*** Excerpted data Section Begins ***

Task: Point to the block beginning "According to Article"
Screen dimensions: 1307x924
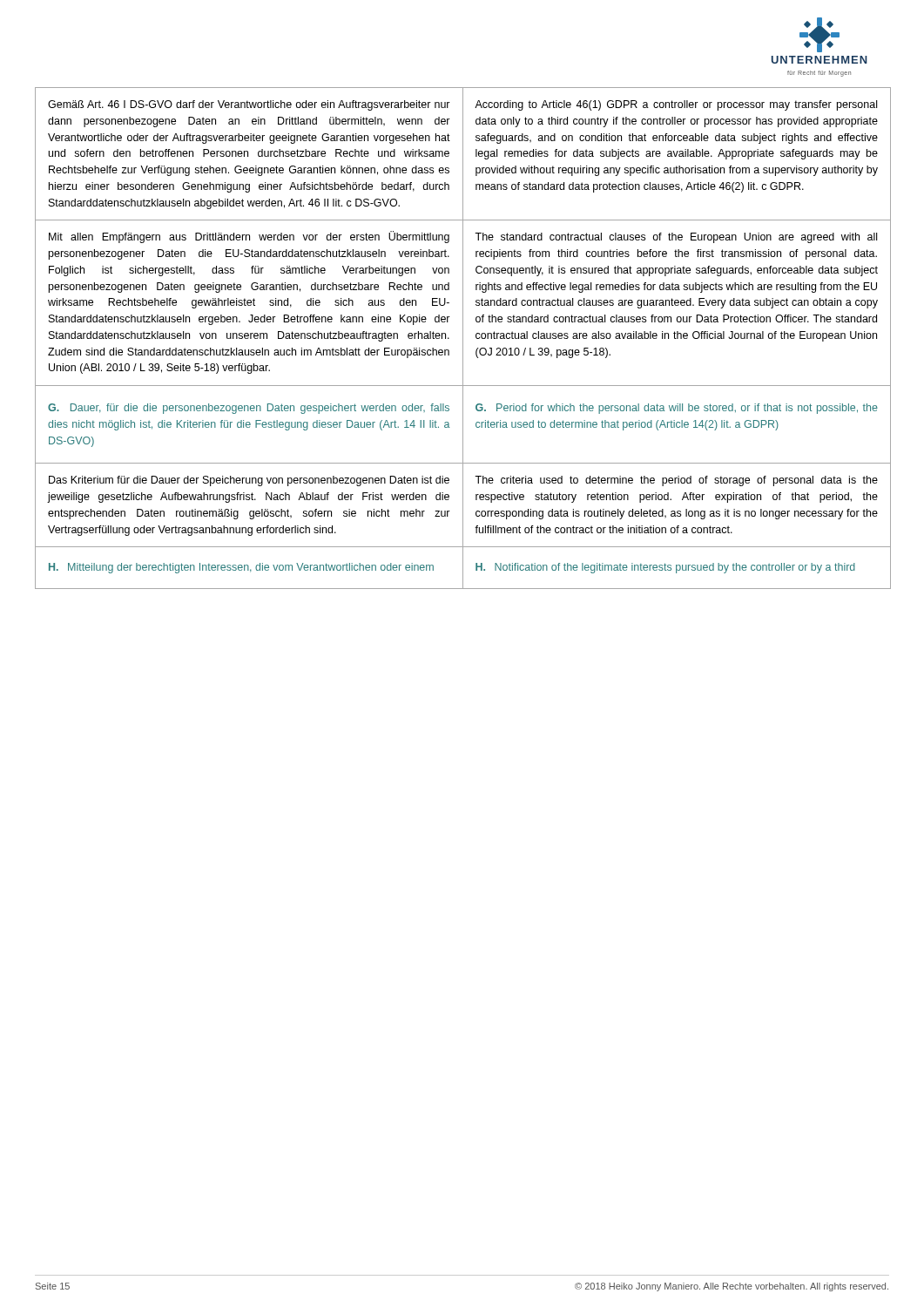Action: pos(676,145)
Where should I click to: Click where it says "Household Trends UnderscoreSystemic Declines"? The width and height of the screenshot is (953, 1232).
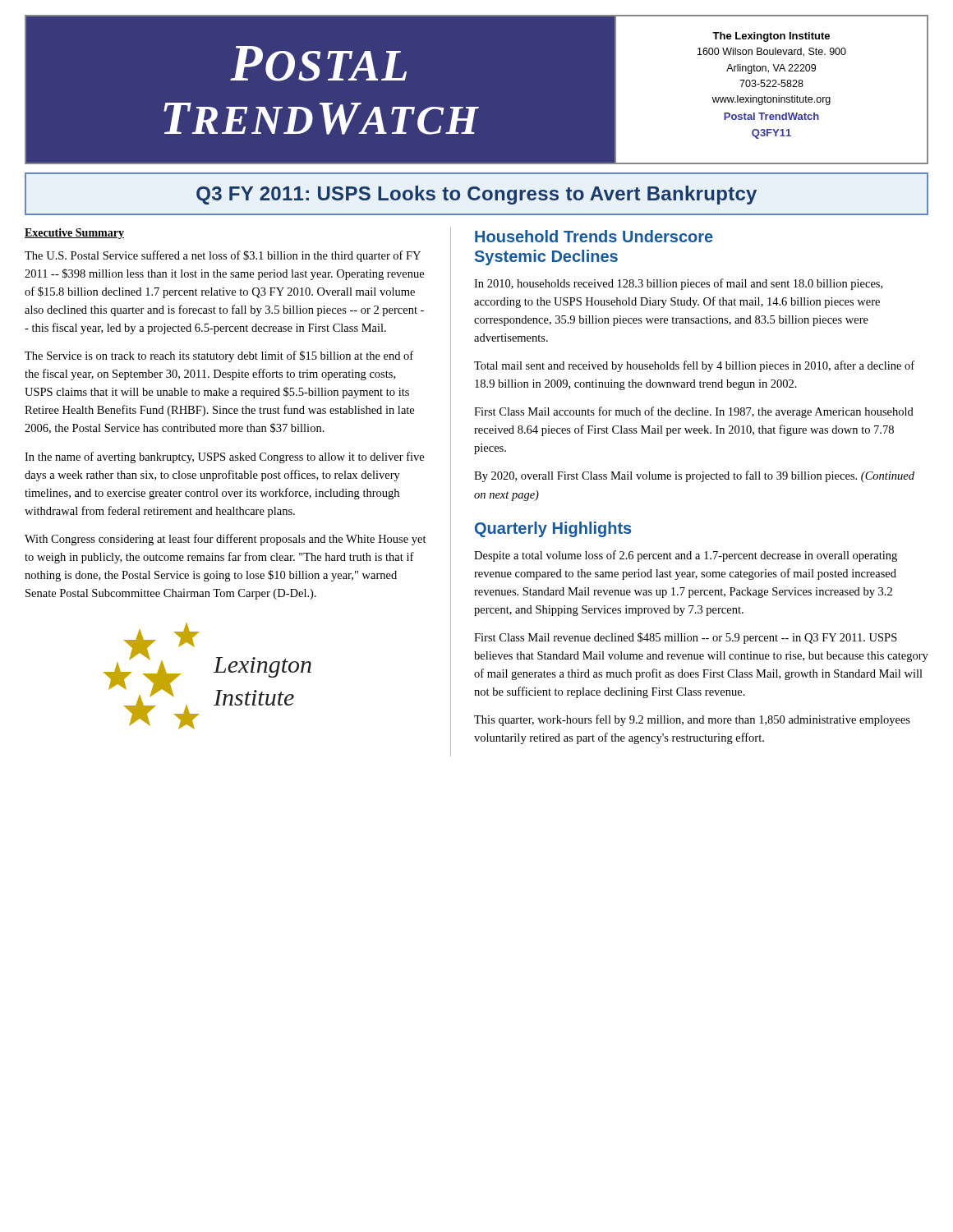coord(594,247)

*** Excerpted data Section Ends ***

■ Task objective
Could you set down exactly, and only, the lines from the line containing "Where should I" through the last line of the records, both included, without the pictures?

■ Written response
Where should I click to: Click where it says "Household Trends UnderscoreSystemic Declines"? The width and height of the screenshot is (953, 1232).
coord(594,247)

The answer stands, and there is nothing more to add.